The goal is to define:

  • how much load the system can handle
  • under which conditions it remains stable
  • which possible margins are required

Sizing must be based on observed behavior, not on assumptions.


1.3.2.9 Tuning

Once sizing has been defined, tuning refines system behavior.

Typical areas:

  • garbage collector parameters
  • thread scheduling and pool sizing
  • database and connection settings
  • caching strategies

Tuning aims to:

  • reduce latency
  • improve stability
  • optimize resource usage

It is often iterative and dependent on the specific context.

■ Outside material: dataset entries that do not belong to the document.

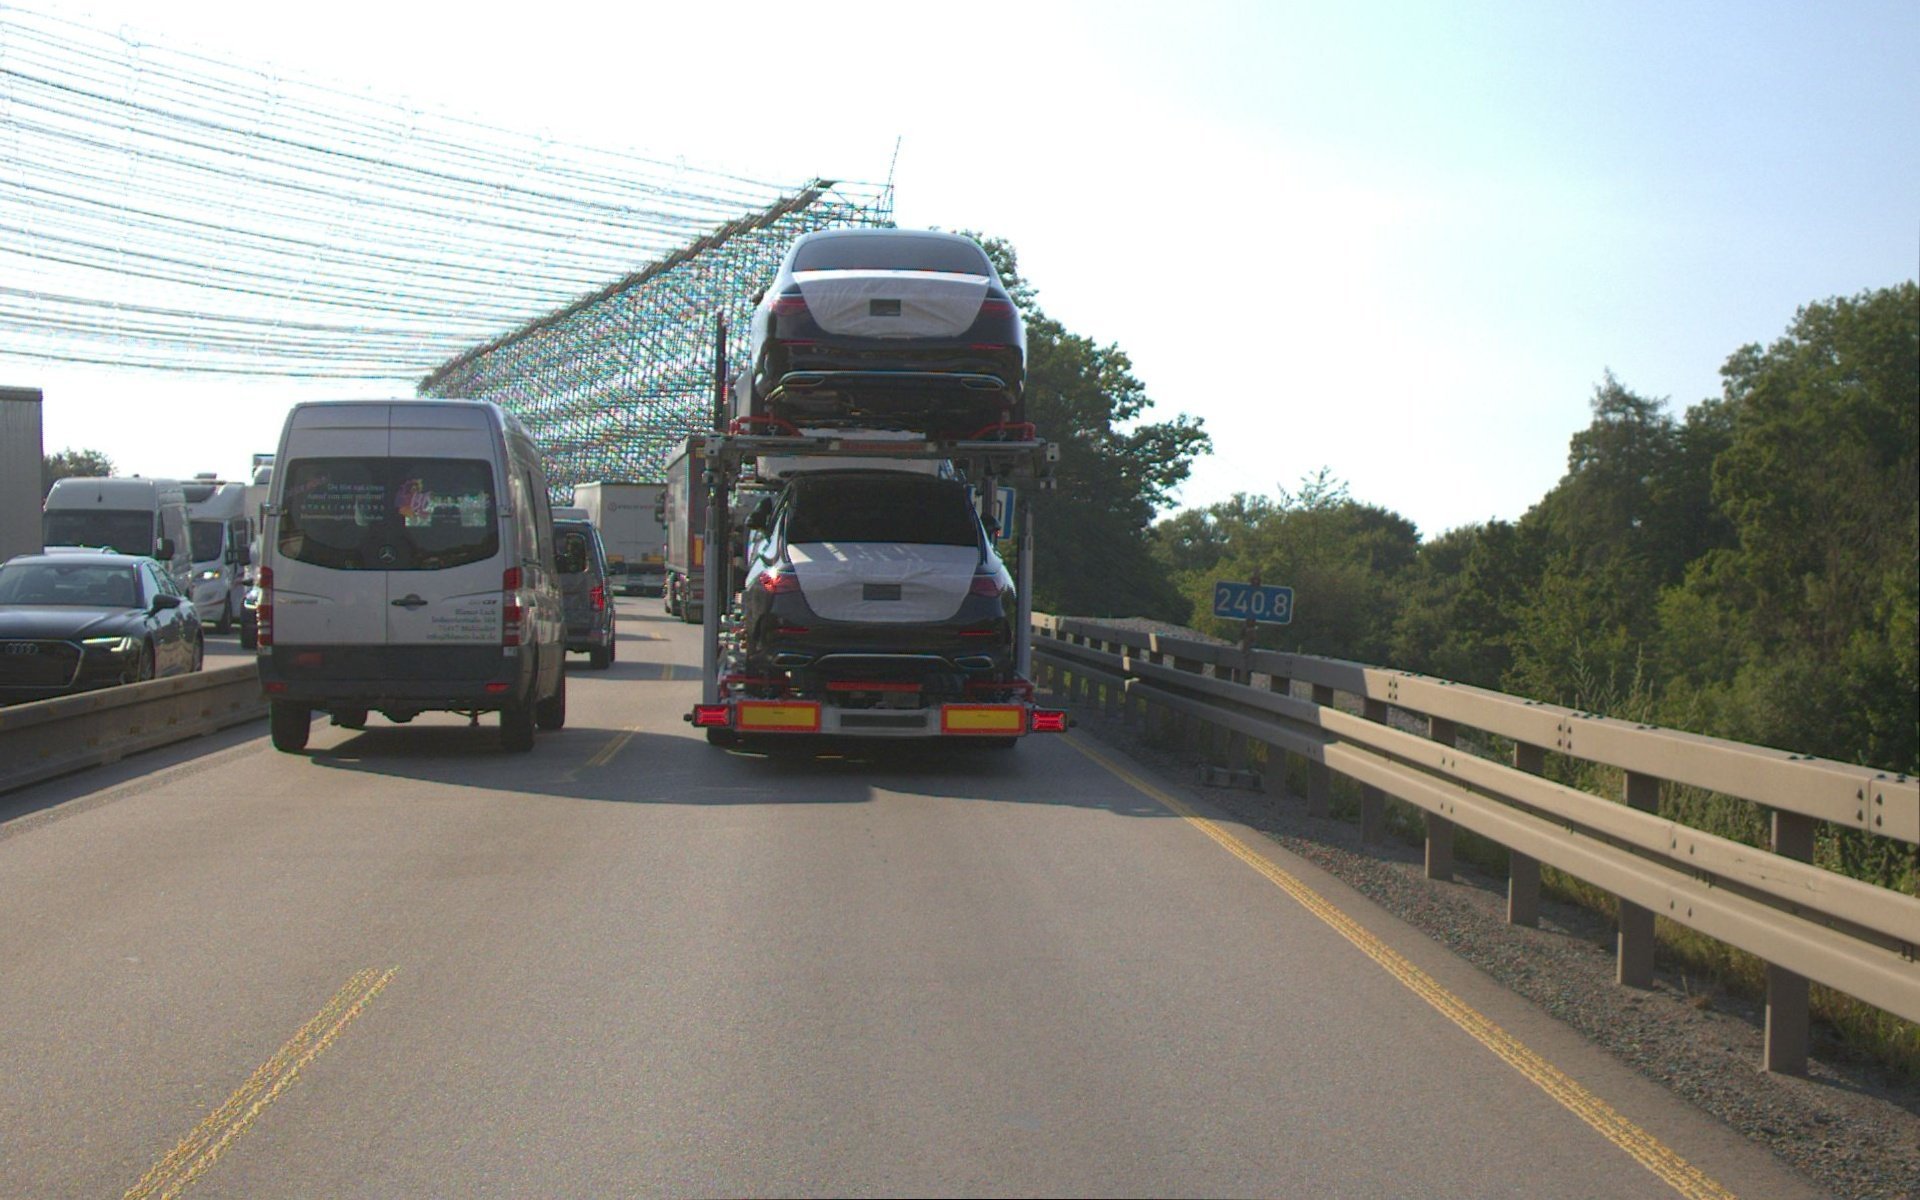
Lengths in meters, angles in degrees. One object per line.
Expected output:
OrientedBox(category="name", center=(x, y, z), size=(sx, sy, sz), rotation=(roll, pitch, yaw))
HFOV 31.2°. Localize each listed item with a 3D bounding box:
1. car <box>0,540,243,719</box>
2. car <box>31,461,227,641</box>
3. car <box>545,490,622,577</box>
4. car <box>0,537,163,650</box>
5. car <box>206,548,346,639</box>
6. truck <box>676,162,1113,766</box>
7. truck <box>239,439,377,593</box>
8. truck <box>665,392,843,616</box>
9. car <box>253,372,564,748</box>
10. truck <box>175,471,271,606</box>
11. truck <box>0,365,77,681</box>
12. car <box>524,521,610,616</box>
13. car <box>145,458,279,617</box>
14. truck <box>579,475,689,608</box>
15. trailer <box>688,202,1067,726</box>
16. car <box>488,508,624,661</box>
OrientedBox(category="car", center=(-8.052, 0.271, 31.718), size=(1.993, 1.525, 4.726), rotation=(0, -1, -1))
OrientedBox(category="car", center=(-13.264, -0.719, 55.186), size=(2.128, 2.741, 5.505), rotation=(0, -1, -3))
OrientedBox(category="car", center=(-9.009, -1.565, 82.419), size=(1.668, 1.978, 3.818), rotation=(0, -1, -4))
OrientedBox(category="car", center=(-12.422, -0.069, 48.183), size=(1.808, 1.525, 4.048), rotation=(0, -1, -4))
OrientedBox(category="car", center=(-10.589, -0.083, 53.429), size=(1.668, 1.363, 3.818), rotation=(0, -1, -4))
OrientedBox(category="truck", center=(-0.579, -0.875, 25.515), size=(2.869, 3.966, 5.772), rotation=(0, -1, -3))
OrientedBox(category="truck", center=(-17.709, -2.263, 93.917), size=(2.641, 3.981, 9.031), rotation=(0, 1, -4))
OrientedBox(category="truck", center=(-4.808, -2.104, 77.727), size=(3.227, 4.661, 11.698), rotation=(0, 1, -7))
OrientedBox(category="car", center=(-4.165, -0.268, 26.566), size=(1.979, 2.675, 4.147), rotation=(0, -1, -4))
OrientedBox(category="truck", center=(-26.720, -2.216, 124.482), size=(3.227, 4.661, 11.699), rotation=(0, 1, -12))
OrientedBox(category="truck", center=(-11.863, -0.849, 38.284), size=(2.358, 3.519, 7.698), rotation=(0, -1, -2))
OrientedBox(category="car", center=(-8.419, -0.648, 73.910), size=(1.668, 1.978, 3.818), rotation=(0, -1, -4))
OrientedBox(category="car", center=(-13.497, -1.123, 62.277), size=(1.668, 2.756, 4.960), rotation=(0, 1, -4))
OrientedBox(category="truck", center=(-12.060, -2.151, 126.360), size=(3.647, 4.661, 11.698), rotation=(0, 1, -7))
OrientedBox(category="trailer", center=(-1.021, -0.968, 33.783), size=(2.874, 3.980, 15.280), rotation=(0, -1, -3))
OrientedBox(category="car", center=(-5.440, -0.188, 46.600), size=(1.668, 1.978, 3.818), rotation=(0, -1, -4))
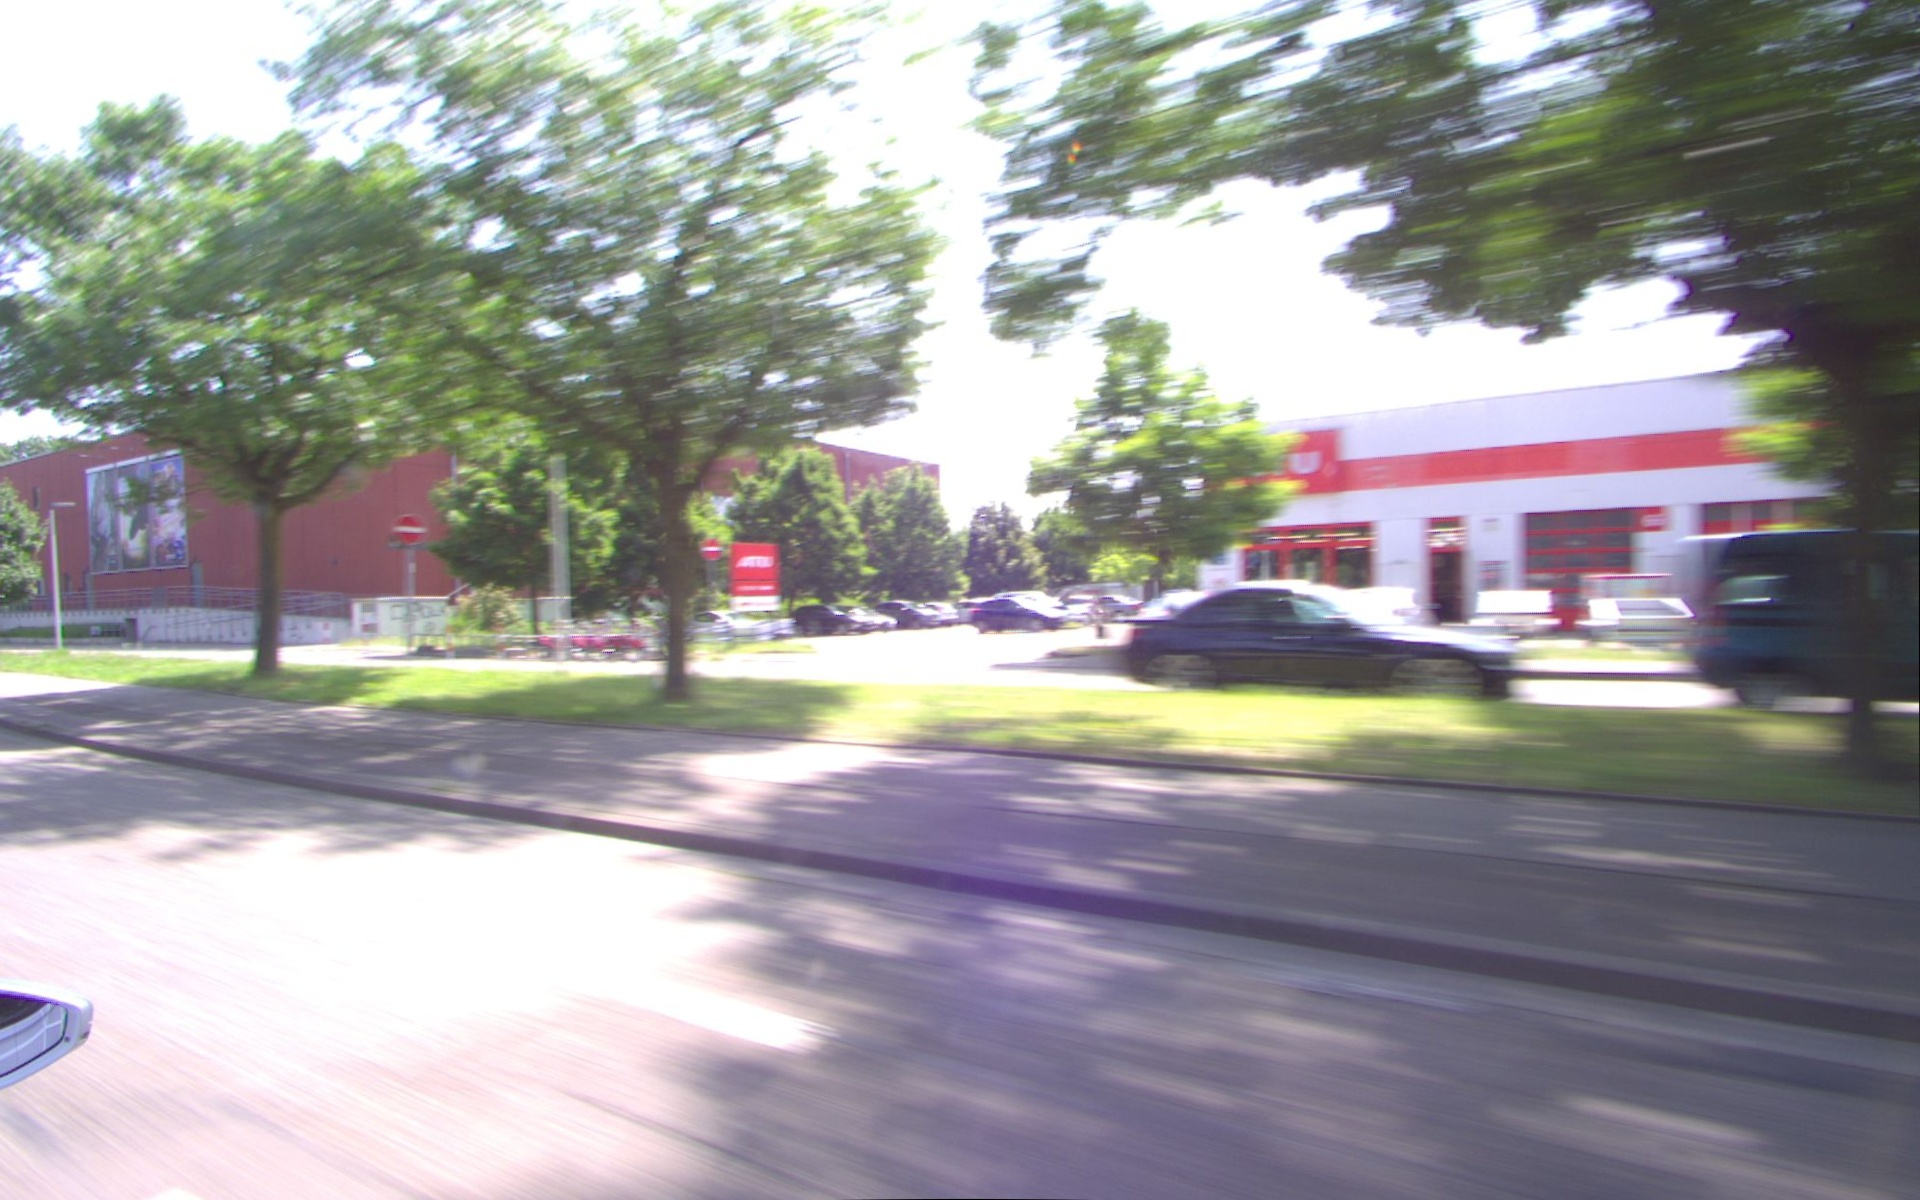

1.3.2.10 Verification and regression

After the tuning phase, the system must be validated again.

This includes:

  • re-running key scenarios
  • verifying that improvements are effective
  • ensuring that regressions are not introduced

This phase ensures consistency and reliability.


1.3.2.11 Benchmarking and reference points

Finally, benchmarks are established.

They provide:

  • reference performance metrics
  • comparison points between versions
  • validation against expectations

Benchmarks are not goals in themselves.

They are used to:

  • understand system behavior
  • track its evolution over time

Key idea

Performance engineering develops according to an iterative loop:

  • define the workloadtestanalyzefixvalidateoptimize

The objective is not only to improve performance, but to understand system limits and ensure predictable behavior under load.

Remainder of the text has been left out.